Start of Records provided

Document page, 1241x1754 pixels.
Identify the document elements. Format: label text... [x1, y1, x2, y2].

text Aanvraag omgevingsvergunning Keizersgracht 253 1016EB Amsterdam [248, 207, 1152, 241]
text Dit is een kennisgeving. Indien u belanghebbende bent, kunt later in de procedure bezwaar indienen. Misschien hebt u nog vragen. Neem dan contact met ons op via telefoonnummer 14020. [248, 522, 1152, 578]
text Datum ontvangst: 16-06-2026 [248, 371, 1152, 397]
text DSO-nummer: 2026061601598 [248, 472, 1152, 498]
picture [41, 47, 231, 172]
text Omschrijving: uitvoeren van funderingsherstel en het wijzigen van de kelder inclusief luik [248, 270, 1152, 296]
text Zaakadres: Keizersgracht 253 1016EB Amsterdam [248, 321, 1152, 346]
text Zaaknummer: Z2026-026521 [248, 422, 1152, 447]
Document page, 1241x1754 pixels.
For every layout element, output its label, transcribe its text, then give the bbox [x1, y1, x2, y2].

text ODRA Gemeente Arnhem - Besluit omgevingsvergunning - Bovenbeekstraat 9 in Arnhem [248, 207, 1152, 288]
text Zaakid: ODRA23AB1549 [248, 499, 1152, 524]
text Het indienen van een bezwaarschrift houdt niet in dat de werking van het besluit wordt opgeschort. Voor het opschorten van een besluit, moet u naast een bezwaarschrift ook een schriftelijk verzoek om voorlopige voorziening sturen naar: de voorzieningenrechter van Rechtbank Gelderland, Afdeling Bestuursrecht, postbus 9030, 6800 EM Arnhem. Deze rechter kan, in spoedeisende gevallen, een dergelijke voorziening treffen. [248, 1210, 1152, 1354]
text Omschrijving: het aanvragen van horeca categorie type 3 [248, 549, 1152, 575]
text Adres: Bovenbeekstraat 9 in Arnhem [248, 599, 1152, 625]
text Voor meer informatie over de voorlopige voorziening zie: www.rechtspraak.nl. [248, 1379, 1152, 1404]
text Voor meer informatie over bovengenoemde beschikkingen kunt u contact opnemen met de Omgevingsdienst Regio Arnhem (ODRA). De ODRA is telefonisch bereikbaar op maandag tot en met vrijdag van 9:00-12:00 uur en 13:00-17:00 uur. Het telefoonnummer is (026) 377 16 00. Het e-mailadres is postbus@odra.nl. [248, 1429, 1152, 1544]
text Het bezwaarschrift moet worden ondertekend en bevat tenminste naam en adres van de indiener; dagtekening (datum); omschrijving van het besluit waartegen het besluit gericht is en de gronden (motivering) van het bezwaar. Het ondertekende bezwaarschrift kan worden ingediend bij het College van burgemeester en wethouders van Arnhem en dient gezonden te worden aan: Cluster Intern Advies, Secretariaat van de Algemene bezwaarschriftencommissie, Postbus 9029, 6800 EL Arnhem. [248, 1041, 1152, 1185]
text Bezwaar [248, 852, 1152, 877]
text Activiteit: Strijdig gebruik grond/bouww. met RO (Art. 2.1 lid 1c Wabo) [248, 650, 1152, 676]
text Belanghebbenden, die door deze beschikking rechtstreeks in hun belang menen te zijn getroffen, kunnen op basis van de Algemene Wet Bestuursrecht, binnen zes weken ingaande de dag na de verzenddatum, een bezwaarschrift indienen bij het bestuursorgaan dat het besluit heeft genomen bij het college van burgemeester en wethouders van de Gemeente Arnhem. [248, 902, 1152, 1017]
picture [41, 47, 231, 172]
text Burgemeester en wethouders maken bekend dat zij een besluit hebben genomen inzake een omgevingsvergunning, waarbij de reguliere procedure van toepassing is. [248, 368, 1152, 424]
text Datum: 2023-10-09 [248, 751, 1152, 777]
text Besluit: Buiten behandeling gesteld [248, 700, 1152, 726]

End of Records provided

**About this task**
Report the number of lines of the listing above that hold the string "over", with no other text.

**Task result**
2